Safety Matters When Working With Hazardous Drugs

Oncology Nursing NewsDecember 2023
Volume 17
Issue 6

Delivering hazardous drugs safely is complex but essential for the welfare of our health care workers and our patients.

Patricia Jakel, MN, RN, AOCN

Patricia Jakel, MN, RN, AOCN

ONCOLOGY NURSES WHO administer hazardous drugs (HDs) such as chemotherapy, immunotherapy, vaccines, and targeted therapies have an ethical obligation to keep themselves and others safe and free from exposure. For over 50 years, HDs that are known carcinogens have been prepared and administered by health care workers.1 The Centers for Disease Control and Prevention estimates that more than 12 billion doses of HDs are handled annually by health care workers, especially pharmacy and nursing staff.2 In the United States alone, over 8 million health care workers a year are exposed to HDs. These startling numbers, which will only increase as the population ages, should motivate all oncology nurses to stay informed regarding HD safety.2

In 2016, the United States Pharmacopeia (USP) published standards (USP 800) to promote health care personnel, patient, and environmental safety around HDs.2 Most hospitals, infusion centers, and clinics have strived to meet the standards required by USP 800.

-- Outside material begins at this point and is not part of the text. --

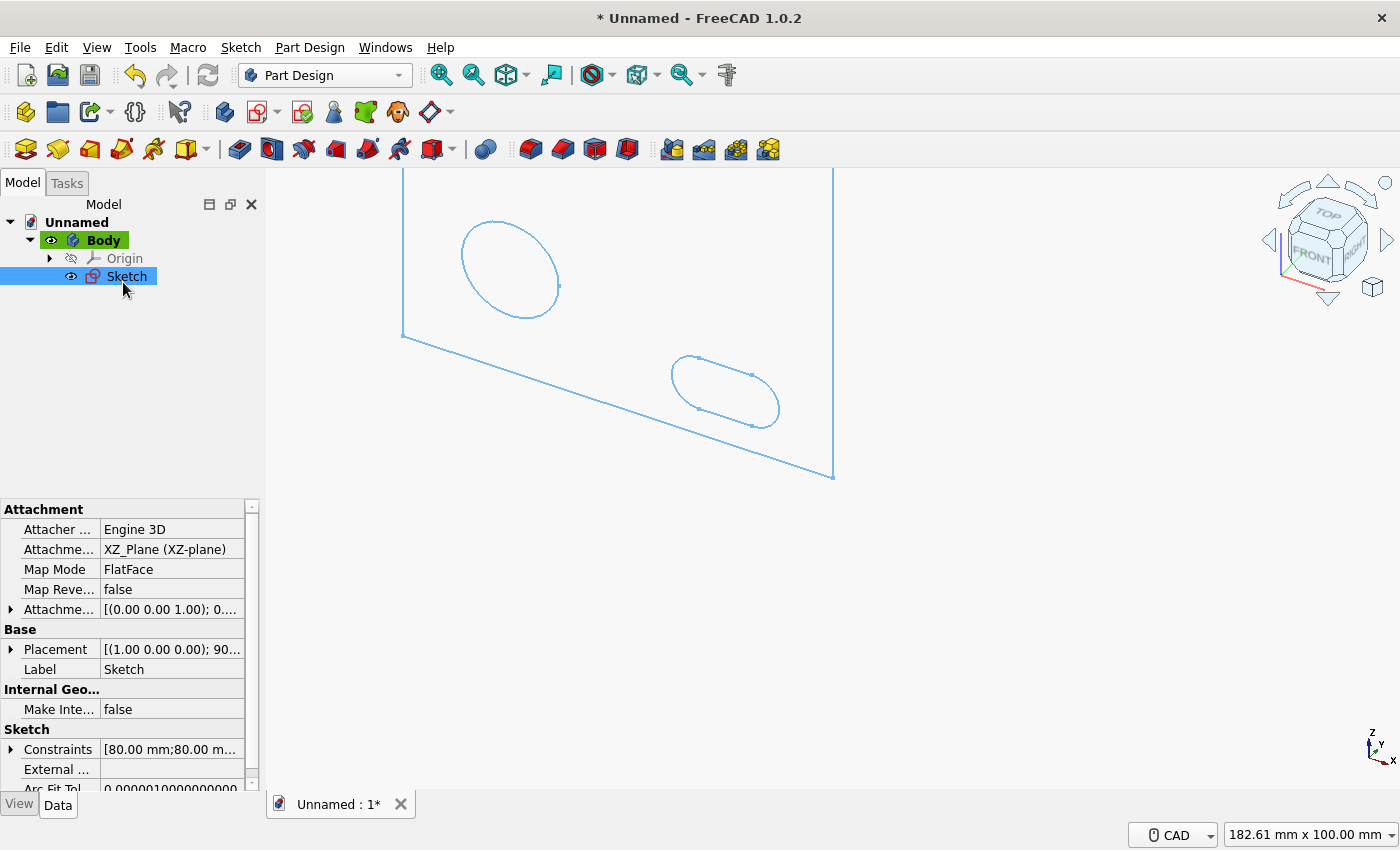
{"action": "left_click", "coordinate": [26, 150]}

The Table includes recommendations on HD safety from the Oncology Nursing Society, the National Institute for Occupational Safety and Health (NIOSH), and USP. I recommend a careful review of the changes for your practice.1-4

How do health care personnel make informed decisions about whether a drug is hazardous? Many nurses and pharmacists have utilized the list from the NIOSH since its publication in 2004.6

NIOSH recommends that institutions adopt a system that allows for a facility-specific list of HDs. In addition, NIOSH suggests the employer assess the hazards of new drugs as they are added to the workplace’s formulary or as new information on potential drug hazards becomes available. This information is available in the NIOSH publication “Managing Hazardous Drug Exposures: Information for Healthcare Settings.”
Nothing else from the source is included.